** Records for this exercise follows **

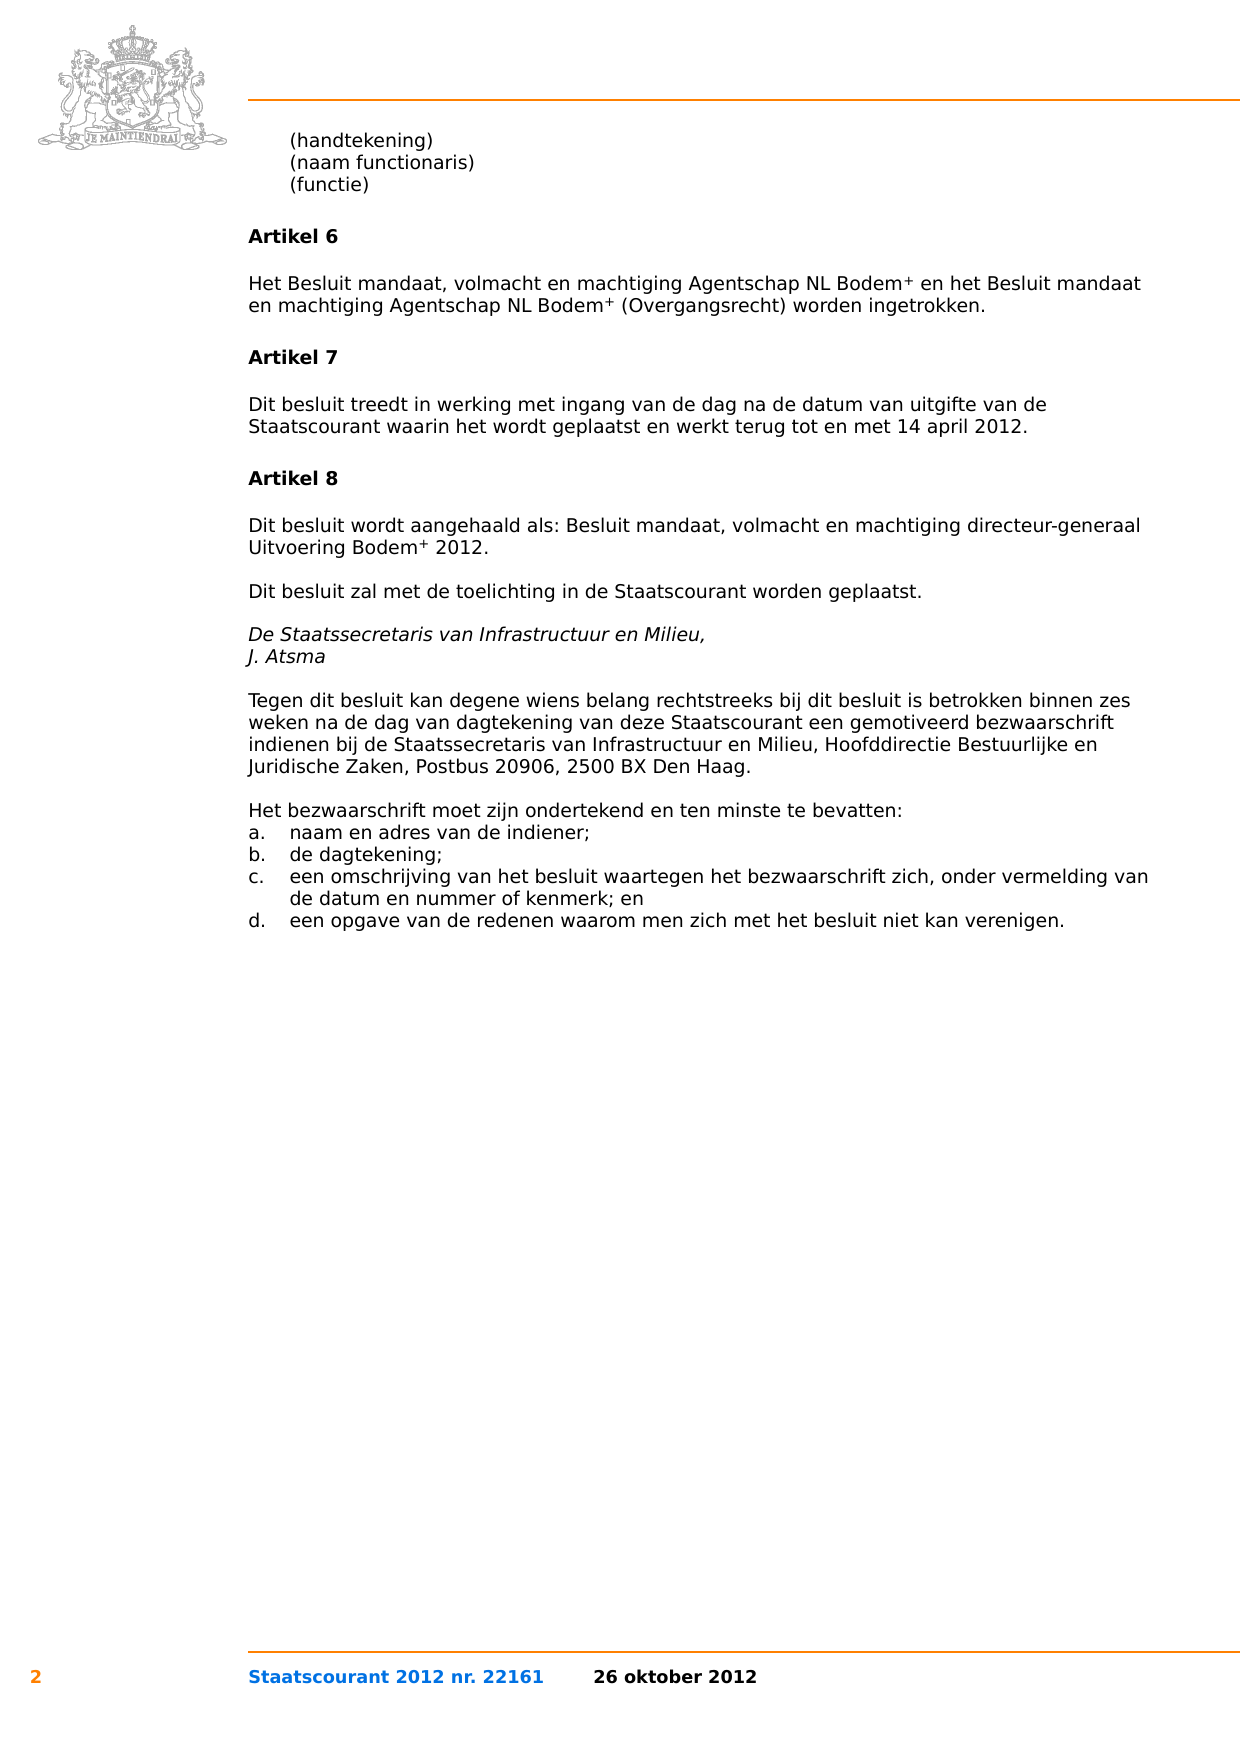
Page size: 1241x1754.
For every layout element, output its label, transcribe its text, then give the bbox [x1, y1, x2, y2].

text Het bezwaarschrift moet zijn ondertekend en ten minste te bevatten: [248, 800, 1163, 822]
text c. een omschrijving van het besluit waartegen het bezwaarschrift zich, onder vermelding van de datum en nummer of kenmerk; en [248, 866, 1163, 910]
text a. naam en adres van de indiener; [248, 822, 1163, 844]
text (functie) [289, 174, 1163, 196]
text b. de dagtekening; [248, 844, 1163, 866]
text d. een opgave van de redenen waarom men zich met het besluit niet kan verenigen. [248, 910, 1163, 932]
text Het Besluit mandaat, volmacht en machtiging Agentschap NL Bodem+ en het Besluit mandaat en machtiging Agentschap NL Bodem+ (Overgangsrecht) worden ingetrokken. [248, 273, 1163, 317]
subtitle Artikel 7 [248, 347, 1163, 369]
text (naam functionaris) [289, 152, 1163, 174]
text Dit besluit wordt aangehaald als: Besluit mandaat, volmacht en machtiging directeur-generaal Uitvoering Bodem+ 2012. [248, 515, 1163, 559]
subtitle Artikel 6 [248, 226, 1163, 248]
text Tegen dit besluit kan degene wiens belang rechtstreeks bij dit besluit is betrokken binnen zes weken na de dag van dagtekening van deze Staatscourant een gemotiveerd bezwaarschrift indienen bij de Staatssecretaris van Infrastructuur en Milieu, Hoofddirectie Bestuurlijke en Juridische Zaken, Postbus 20906, 2500 BX Den Haag. [248, 690, 1163, 778]
subtitle Artikel 8 [248, 468, 1163, 490]
text (handtekening) [289, 130, 1163, 152]
text Dit besluit treedt in werking met ingang van de dag na de datum van uitgifte van de Staatscourant waarin het wordt geplaatst en werkt terug tot en met 14 april 2012. [248, 394, 1163, 438]
text Dit besluit zal met de toelichting in de Staatscourant worden geplaatst. [248, 581, 1163, 602]
text De Staatssecretaris van Infrastructuur en Milieu, J. Atsma [248, 624, 1163, 668]
picture [38, 25, 227, 150]
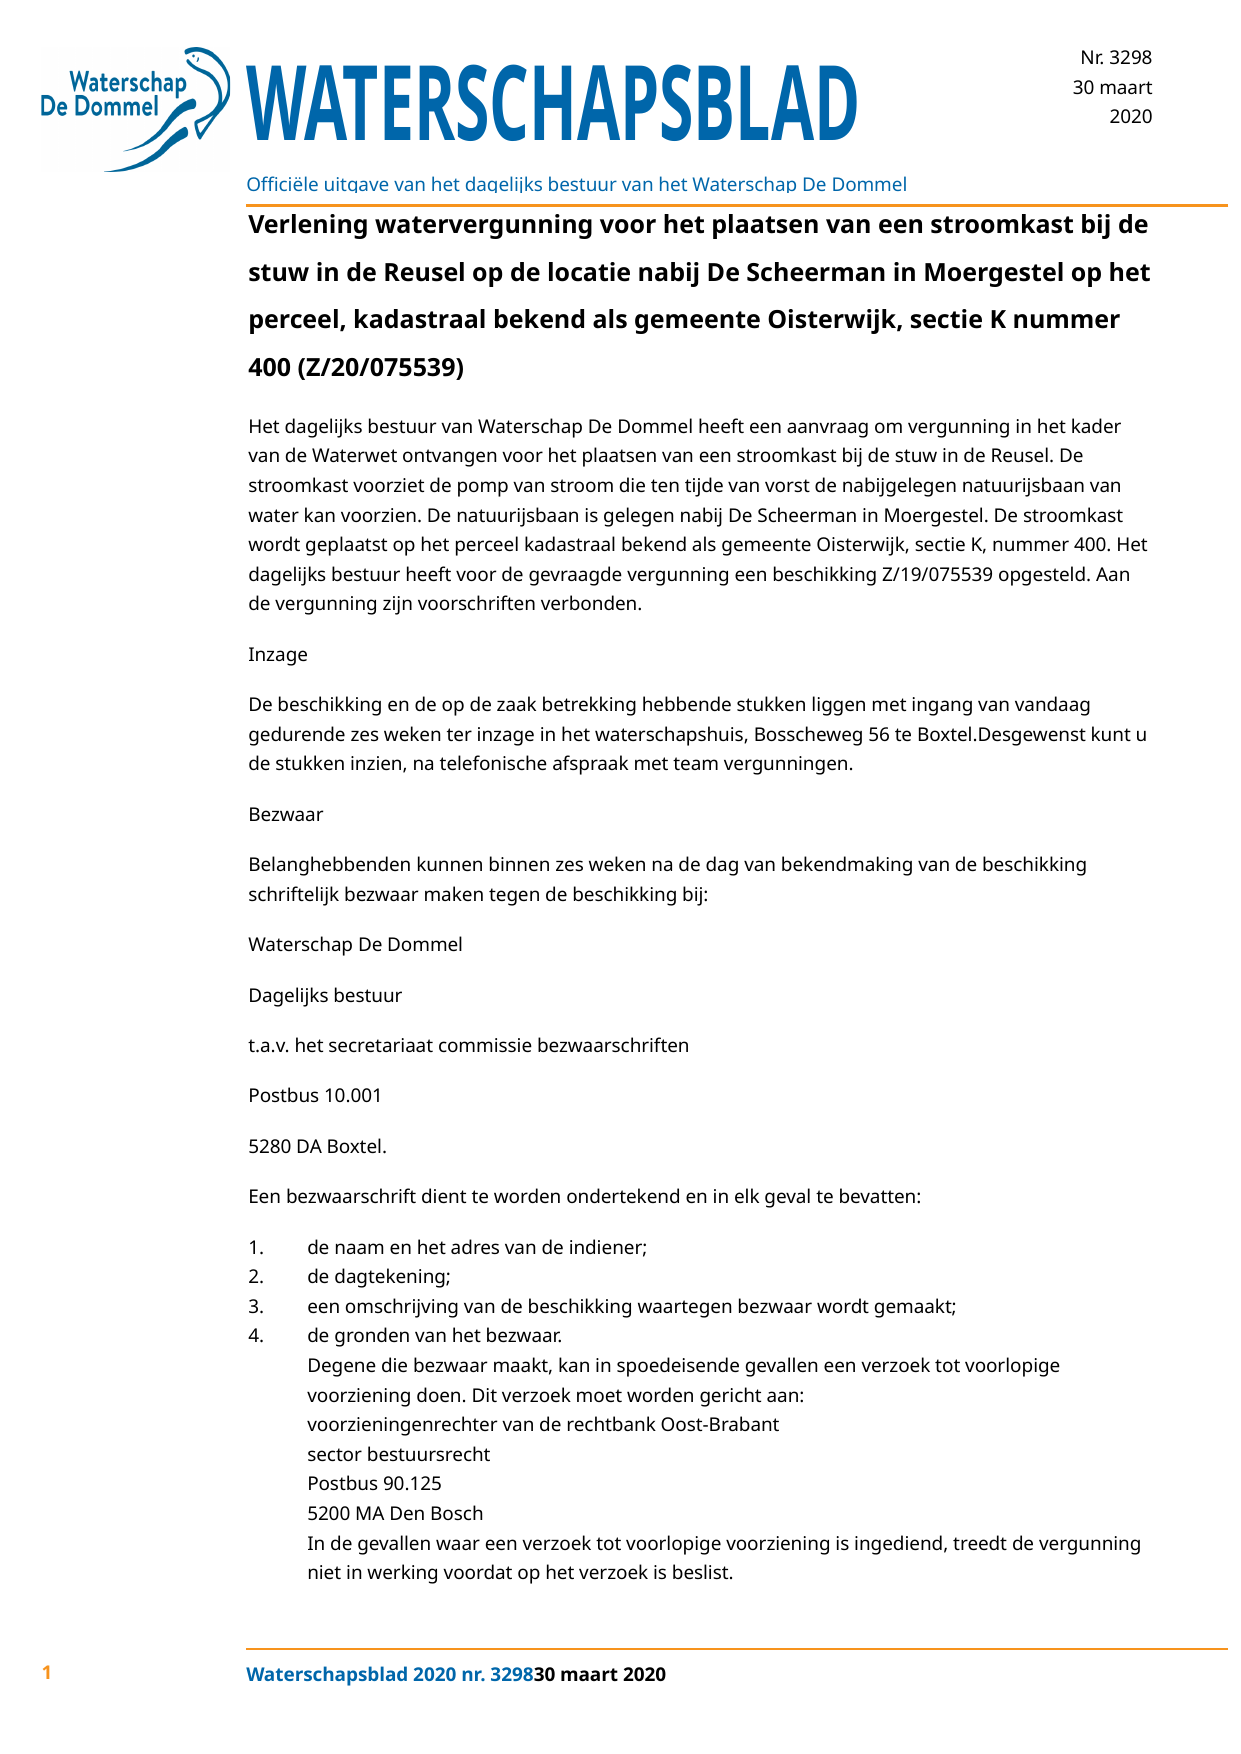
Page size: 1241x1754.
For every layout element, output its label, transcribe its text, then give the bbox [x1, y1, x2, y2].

text Belanghebbenden kunnen binnen zes weken na de dag van bekendmaking van de beschikking schriftelijk bezwaar maken tegen de beschikking bij: [248, 851, 1152, 907]
text Waterschap De Dommel [248, 931, 1152, 957]
picture [198, 118, 210, 131]
list 5200 MA Den Bosch [248, 1500, 1152, 1526]
list de naam en het adres van de indiener; [248, 1234, 1152, 1260]
text 5280 DA Boxtel. [248, 1133, 1152, 1159]
text Dagelijks bestuur [248, 982, 1152, 1008]
text Het dagelijks bestuur van Waterschap De Dommel heeft een aanvraag om vergunning in het kader van de Waterwet ontvangen voor het plaatsen van een stroomkast bij de stuw in de Reusel. De stroomkast voorziet de pomp van stroom die ten tijde van vorst de nabijgelegen natuurijsbaan van water kan voorzien. De natuurijsbaan is gelegen nabij De Scheerman in Moergestel. De stroomkast wordt geplaatst op het perceel kadastraal bekend als gemeente Oisterwijk, sectie K, nummer 400. Het dagelijks bestuur heeft voor de gevraagde vergunning een beschikking Z/19/075539 opgesteld. Aan de vergunning zijn voorschriften verbonden. [248, 413, 1152, 616]
text Verlening watervergunning voor het plaatsen van een stroomkast bij de stuw in de Reusel op de locatie nabij De Scheerman in Moergestel op het perceel, kadastraal bekend als gemeente Oisterwijk, sectie K nummer 400 (Z/20/075539) [248, 207, 1152, 384]
list Postbus 90.125 [248, 1471, 1152, 1496]
text Postbus 10.001 [248, 1083, 1152, 1108]
picture [41, 47, 231, 172]
list Degene die bezwaar maakt, kan in spoedeisende gevallen een verzoek tot voorlopige voorziening doen. Dit verzoek moet worden gericht aan: [248, 1352, 1152, 1408]
text De beschikking en de op de zaak betrekking hebbende stukken liggen met ingang van vandaag gedurende zes weken ter inzage in het waterschapshuis, Bosscheweg 56 te Boxtel.Desgewenst kunt u de stukken inzien, na telefonische afspraak met team vergunningen. [248, 691, 1152, 776]
list de dagtekening; [248, 1263, 1152, 1289]
text Een bezwaarschrift dient te worden ondertekend en in elk geval te bevatten: [248, 1183, 1152, 1209]
list sector bestuursrecht [248, 1441, 1152, 1467]
text Inzage [248, 641, 1152, 667]
text Bezwaar [248, 801, 1152, 827]
text t.a.v. het secretariaat commissie bezwaarschriften [248, 1032, 1152, 1058]
list de gronden van het bezwaar. [248, 1323, 1152, 1348]
picture [204, 47, 231, 76]
list voorzieningenrechter van de rechtbank Oost-Brabant [248, 1411, 1152, 1437]
list een omschrijving van de beschikking waartegen bezwaar wordt gemaakt; [248, 1293, 1152, 1319]
list In de gevallen waar een verzoek tot voorlopige voorziening is ingediend, treedt de vergunning niet in werking voordat op het verzoek is beslist. [248, 1530, 1152, 1585]
picture [45, 99, 51, 111]

** End of Records for this exercise **

• **Task to complete**
Reproduce every line above exactly, pictures excluded.

• **Output of the task**
Page size: 1241x1754.
For every layout element, output its label, transcribe its text, then give the bbox [x1, y1, x2, y2].

text Het bezwaarschrift moet zijn ondertekend en ten minste te bevatten: [248, 800, 1163, 822]
text c. een omschrijving van het besluit waartegen het bezwaarschrift zich, onder vermelding van de datum en nummer of kenmerk; en [248, 866, 1163, 910]
text a. naam en adres van de indiener; [248, 822, 1163, 844]
text (functie) [289, 174, 1163, 196]
text b. de dagtekening; [248, 844, 1163, 866]
text d. een opgave van de redenen waarom men zich met het besluit niet kan verenigen. [248, 910, 1163, 932]
text Het Besluit mandaat, volmacht en machtiging Agentschap NL Bodem+ en het Besluit mandaat en machtiging Agentschap NL Bodem+ (Overgangsrecht) worden ingetrokken. [248, 273, 1163, 317]
subtitle Artikel 7 [248, 347, 1163, 369]
text (naam functionaris) [289, 152, 1163, 174]
text Dit besluit wordt aangehaald als: Besluit mandaat, volmacht en machtiging directeur-generaal Uitvoering Bodem+ 2012. [248, 515, 1163, 559]
subtitle Artikel 6 [248, 226, 1163, 248]
text Tegen dit besluit kan degene wiens belang rechtstreeks bij dit besluit is betrokken binnen zes weken na de dag van dagtekening van deze Staatscourant een gemotiveerd bezwaarschrift indienen bij de Staatssecretaris van Infrastructuur en Milieu, Hoofddirectie Bestuurlijke en Juridische Zaken, Postbus 20906, 2500 BX Den Haag. [248, 690, 1163, 778]
subtitle Artikel 8 [248, 468, 1163, 490]
text (handtekening) [289, 130, 1163, 152]
text Dit besluit treedt in werking met ingang van de dag na de datum van uitgifte van de Staatscourant waarin het wordt geplaatst en werkt terug tot en met 14 april 2012. [248, 394, 1163, 438]
text Dit besluit zal met de toelichting in de Staatscourant worden geplaatst. [248, 581, 1163, 602]
text De Staatssecretaris van Infrastructuur en Milieu, J. Atsma [248, 624, 1163, 668]
picture [38, 25, 227, 150]
Page size: 1241x1754.
For every layout element, output its label, transcribe its text, then give the bbox [x1, y1, x2, y2].

text Belanghebbenden kunnen binnen zes weken na de dag van bekendmaking van de beschikking schriftelijk bezwaar maken tegen de beschikking bij: [248, 851, 1152, 907]
text Waterschap De Dommel [248, 931, 1152, 957]
picture [198, 118, 210, 131]
list 5200 MA Den Bosch [248, 1500, 1152, 1526]
list de naam en het adres van de indiener; [248, 1234, 1152, 1260]
text 5280 DA Boxtel. [248, 1133, 1152, 1159]
text Dagelijks bestuur [248, 982, 1152, 1008]
text Het dagelijks bestuur van Waterschap De Dommel heeft een aanvraag om vergunning in het kader van de Waterwet ontvangen voor het plaatsen van een stroomkast bij de stuw in de Reusel. De stroomkast voorziet de pomp van stroom die ten tijde van vorst de nabijgelegen natuurijsbaan van water kan voorzien. De natuurijsbaan is gelegen nabij De Scheerman in Moergestel. De stroomkast wordt geplaatst op het perceel kadastraal bekend als gemeente Oisterwijk, sectie K, nummer 400. Het dagelijks bestuur heeft voor de gevraagde vergunning een beschikking Z/19/075539 opgesteld. Aan de vergunning zijn voorschriften verbonden. [248, 413, 1152, 616]
text Verlening watervergunning voor het plaatsen van een stroomkast bij de stuw in de Reusel op de locatie nabij De Scheerman in Moergestel op het perceel, kadastraal bekend als gemeente Oisterwijk, sectie K nummer 400 (Z/20/075539) [248, 207, 1152, 384]
list Postbus 90.125 [248, 1471, 1152, 1496]
text Postbus 10.001 [248, 1083, 1152, 1108]
picture [41, 47, 231, 172]
list Degene die bezwaar maakt, kan in spoedeisende gevallen een verzoek tot voorlopige voorziening doen. Dit verzoek moet worden gericht aan: [248, 1352, 1152, 1408]
text De beschikking en de op de zaak betrekking hebbende stukken liggen met ingang van vandaag gedurende zes weken ter inzage in het waterschapshuis, Bosscheweg 56 te Boxtel.Desgewenst kunt u de stukken inzien, na telefonische afspraak met team vergunningen. [248, 691, 1152, 776]
list de dagtekening; [248, 1263, 1152, 1289]
text Een bezwaarschrift dient te worden ondertekend en in elk geval te bevatten: [248, 1183, 1152, 1209]
list sector bestuursrecht [248, 1441, 1152, 1467]
text Inzage [248, 641, 1152, 667]
text Bezwaar [248, 801, 1152, 827]
text t.a.v. het secretariaat commissie bezwaarschriften [248, 1032, 1152, 1058]
list de gronden van het bezwaar. [248, 1323, 1152, 1348]
picture [204, 47, 231, 76]
list voorzieningenrechter van de rechtbank Oost-Brabant [248, 1411, 1152, 1437]
list een omschrijving van de beschikking waartegen bezwaar wordt gemaakt; [248, 1293, 1152, 1319]
list In de gevallen waar een verzoek tot voorlopige voorziening is ingediend, treedt de vergunning niet in werking voordat op het verzoek is beslist. [248, 1530, 1152, 1585]
picture [45, 99, 51, 111]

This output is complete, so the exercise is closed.